Victor Espinoza, a political analyst at Colegio de la Frontera Norte think tank, said Tijuana - whose mayorship is at stake - presents a huge challenge for anyone who is elected. The influx of deportees and migrants make the city's growth chaotic, and the city's topography of mountains and canyons makes it difficult and expensive to bring roads, sewage and other infrastructure to new neighborhoods.
"It is practically impossible for any government. The demand for services is always greater that the ability to deliver them," Espinoza said.
In the 13 other states where elections are being held, the weeks leading up to Sunday's vote were marked by a spate of shootings and attacks. At least eight politicians running for local posts, or their family members, have been killed. Others have reported being kidnapped or shot at.

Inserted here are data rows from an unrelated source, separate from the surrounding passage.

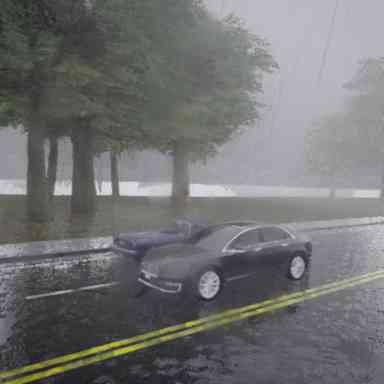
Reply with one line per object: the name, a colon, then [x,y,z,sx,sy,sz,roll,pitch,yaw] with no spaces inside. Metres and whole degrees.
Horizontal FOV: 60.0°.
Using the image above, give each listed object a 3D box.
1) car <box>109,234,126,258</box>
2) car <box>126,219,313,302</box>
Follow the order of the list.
car: [-0.332,1.624,11.416,4.718,1.301,1.895,0,0,-35]
car: [1.054,1.525,8.414,4.892,1.490,1.837,0,0,-35]
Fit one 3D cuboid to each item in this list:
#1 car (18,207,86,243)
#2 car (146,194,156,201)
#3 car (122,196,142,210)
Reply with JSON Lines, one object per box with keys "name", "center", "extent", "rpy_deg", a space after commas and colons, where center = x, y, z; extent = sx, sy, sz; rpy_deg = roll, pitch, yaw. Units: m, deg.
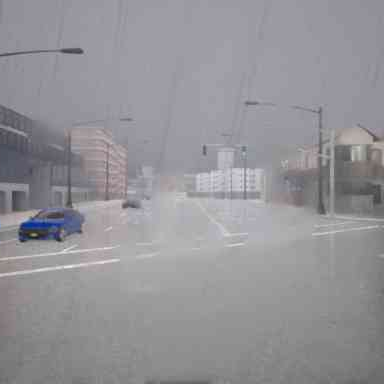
{"name": "car", "center": [-6.807, 1.543, 16.667], "extent": [1.882, 1.535, 5.008], "rpy_deg": [0, 0, -2]}
{"name": "car", "center": [-8.222, 1.081, 67.383], "extent": [2.033, 1.411, 5.357], "rpy_deg": [0, 0, -2]}
{"name": "car", "center": [-7.503, 1.497, 41.610], "extent": [1.895, 1.301, 4.718], "rpy_deg": [0, 1, -2]}
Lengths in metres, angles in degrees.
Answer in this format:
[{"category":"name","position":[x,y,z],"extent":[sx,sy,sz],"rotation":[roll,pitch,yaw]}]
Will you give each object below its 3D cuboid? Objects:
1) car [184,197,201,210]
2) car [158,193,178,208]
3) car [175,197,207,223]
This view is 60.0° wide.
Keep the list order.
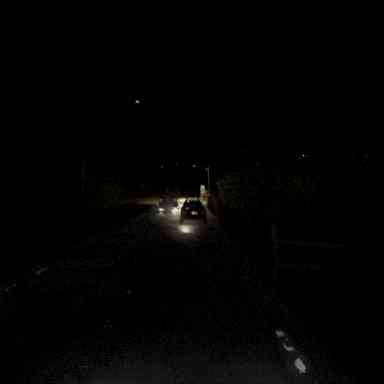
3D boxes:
[{"category":"car","position":[0.069,1.248,38.682],"extent":[1.895,1.301,4.718],"rotation":[0,1,0]},{"category":"car","position":[-2.817,0.984,40.237],"extent":[2.097,1.767,4.553],"rotation":[0,1,1]},{"category":"car","position":[0.086,1.339,23.194],"extent":[2.033,1.411,5.357],"rotation":[0,1,0]}]
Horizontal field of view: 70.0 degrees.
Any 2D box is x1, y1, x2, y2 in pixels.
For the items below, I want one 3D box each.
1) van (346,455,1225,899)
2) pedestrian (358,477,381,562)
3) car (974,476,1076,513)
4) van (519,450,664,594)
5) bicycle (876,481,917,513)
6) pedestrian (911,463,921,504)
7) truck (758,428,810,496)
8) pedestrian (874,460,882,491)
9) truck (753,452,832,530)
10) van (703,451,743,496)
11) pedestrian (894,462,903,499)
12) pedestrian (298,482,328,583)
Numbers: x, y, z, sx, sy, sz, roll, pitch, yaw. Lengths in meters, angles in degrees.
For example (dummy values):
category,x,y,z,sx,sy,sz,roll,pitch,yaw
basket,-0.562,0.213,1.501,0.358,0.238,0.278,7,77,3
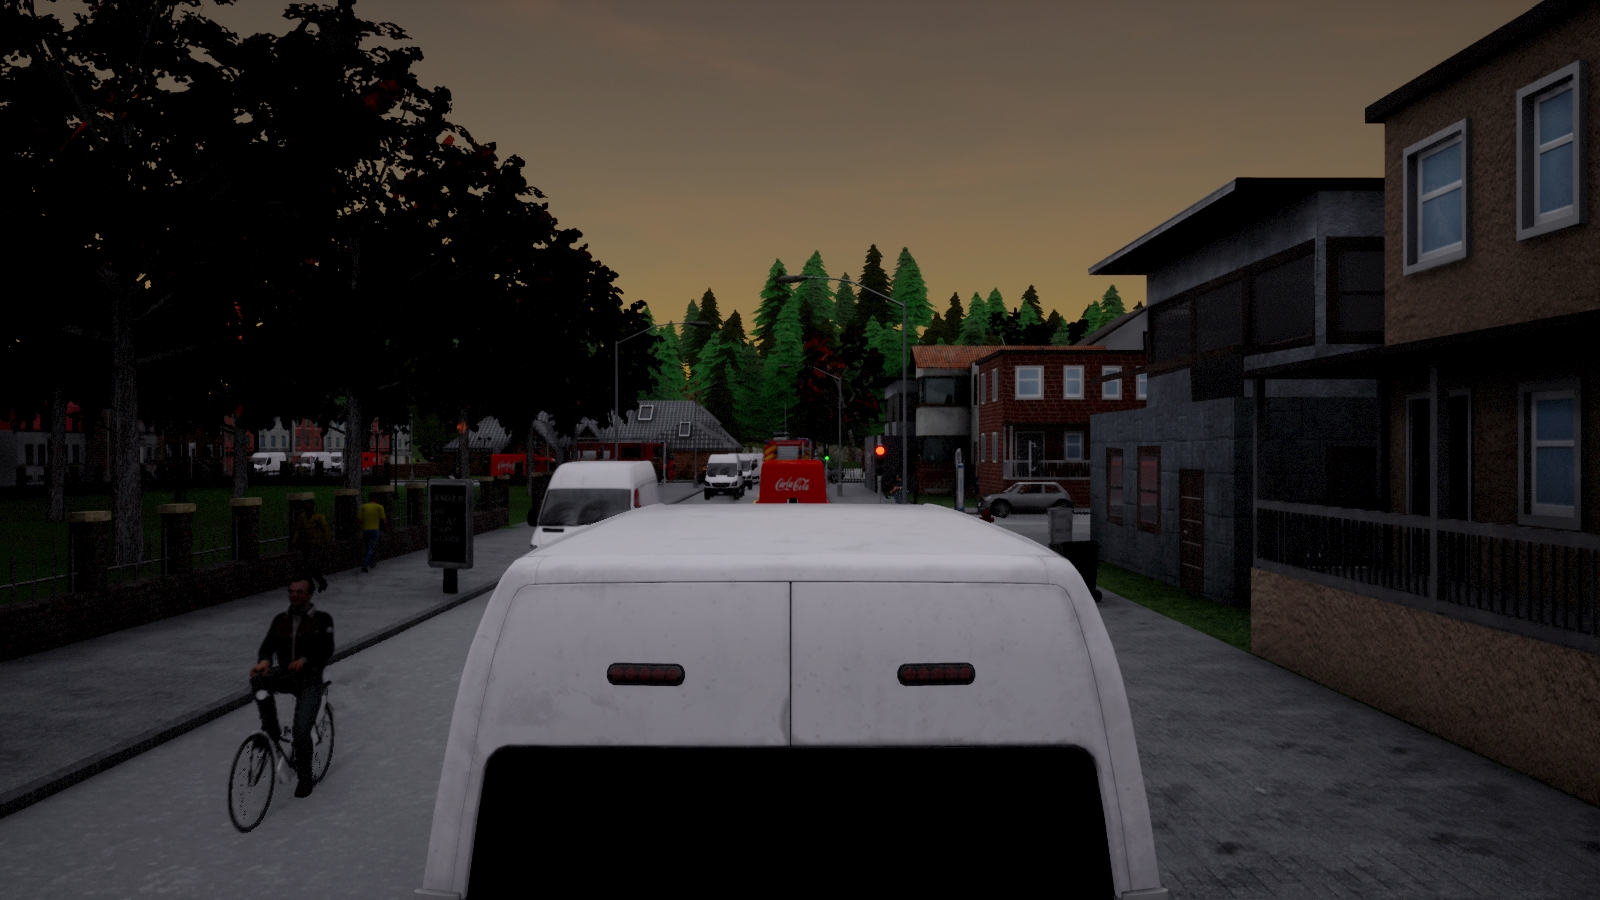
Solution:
category,x,y,z,sx,sy,sz,roll,pitch,yaw
van,-0.041,1.314,5.541,1.988,2.561,5.915,0,0,0
pedestrian,-9.515,1.526,25.246,0.375,1.860,0.375,0,0,-1
car,9.316,1.844,47.508,3.806,1.475,1.970,0,0,-1
van,-4.154,1.312,23.790,1.988,2.561,5.915,0,1,0
bicycle,3.967,1.936,47.101,1.643,1.296,0.373,0,0,-6
pedestrian,5.293,1.516,52.293,0.375,1.860,0.375,0,0,21
truck,-0.854,0.670,68.368,2.891,3.827,8.468,0,0,1
pedestrian,4.733,1.524,69.414,0.375,1.860,0.375,0,0,-10
truck,-0.263,1.364,40.505,2.627,2.467,5.204,0,1,-1
van,-4.457,1.314,66.858,1.988,2.561,5.915,0,0,0
pedestrian,4.905,1.517,56.921,0.375,1.860,0.375,0,0,0
pedestrian,-9.097,1.525,21.333,0.375,1.860,0.375,0,0,10
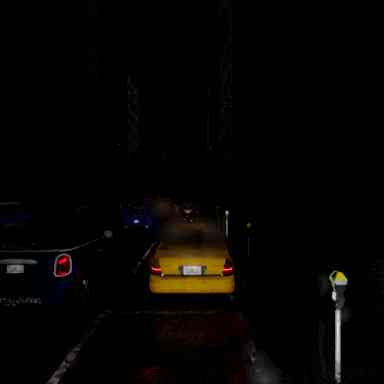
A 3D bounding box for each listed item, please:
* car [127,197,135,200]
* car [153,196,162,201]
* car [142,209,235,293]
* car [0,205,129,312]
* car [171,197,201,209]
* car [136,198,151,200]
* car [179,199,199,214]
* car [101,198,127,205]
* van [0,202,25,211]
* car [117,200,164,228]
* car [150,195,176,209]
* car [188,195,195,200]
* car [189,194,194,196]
[{"bbox_3d":[-8.815,1.591,41.985,1.802,1.307,4.206,0,0,0],"label":"car"},{"bbox_3d":[-8.782,1.643,84.589,1.802,1.307,4.206,0,0,0],"label":"car"},{"bbox_3d":[0.005,1.457,8.840,1.801,1.575,5.366,0,0,0],"label":"car"},{"bbox_3d":[-3.044,1.352,7.880,2.097,1.767,4.553,0,0,0],"label":"car"},{"bbox_3d":[-0.290,1.443,25.481,1.967,1.590,4.097,0,0,0],"label":"car"},{"bbox_3d":[-6.164,1.537,46.609,1.812,1.442,4.674,0,0,0],"label":"car"},{"bbox_3d":[-0.290,1.558,36.484,2.008,1.369,4.403,0,0,0],"label":"car"},{"bbox_3d":[-8.815,1.573,36.483,1.947,1.339,4.313,0,0,0],"label":"car"},{"bbox_3d":[-8.815,1.342,14.478,1.690,1.788,3.998,0,0,0],"label":"van"},{"bbox_3d":[-3.046,1.480,20.687,1.882,1.535,5.008,0,0,0],"label":"car"},{"bbox_3d":[-3.145,1.464,36.849,1.801,1.575,5.366,0,0,0],"label":"car"},{"bbox_3d":[-0.237,1.636,95.394,2.008,1.369,4.403,0,0,0],"label":"car"},{"bbox_3d":[-0.257,1.501,84.576,1.967,1.590,4.097,0,0,0],"label":"car"}]

On Friday, just two days before the election, a ninth murder claimed the life of a campaign coordinator for the leftist Democratic Revolution Party in the northern state of Zacatecas. Aquiles Gonzalez was found stabbed to death after apparently having been kidnapped. And on Sunday, a young political activist was shot to death in the Gulf coast state of Veracruz. Camacho claimed that the youth was a PRI supporter.
The causes of most of the attacks are still uncertain. Some fear that drug gangs are asserting their power. Others fear that candidates are being targeted by their rivals. But it is clear that people are being attacked for seeking office in areas where organized crime and old-style pols rule.
"There is starting to be violence every time there are elections, especially local elections," said Jose Antonio Crespo, a historian at the Center for Economic Research and Teaching in Mexico City. "There is more violence in local elections, because that is where the drug cartels have more influence than on a national level."
Experts have said in the past that is cheaper, less risky and more effective for the cartels to intimidate or control local government, than try to take on federal-level politicians. Since the gangs are essentially looking to retain local turf - for extortion, drug shipments and sales - intimidating local officials yields tangible results.
"Their thinking is that 'we are going to support the candidates who sympathize with us or whom we can negotiate with, and if there is a candidate who might win who won't make a deal with us, we'll tell him not to run or attack them, or even kill them,'" Crespo said.
While violence had marked some local elections in states such as Michoacan and Tamaulipas, "we had not seen it in other states, like we are see it now," said Torres-Ruiz.
There were also more traditional complaints of vote-buying, voter intimidation and attempts to prevent people from voting, especially in Oaxaca and Veracruz.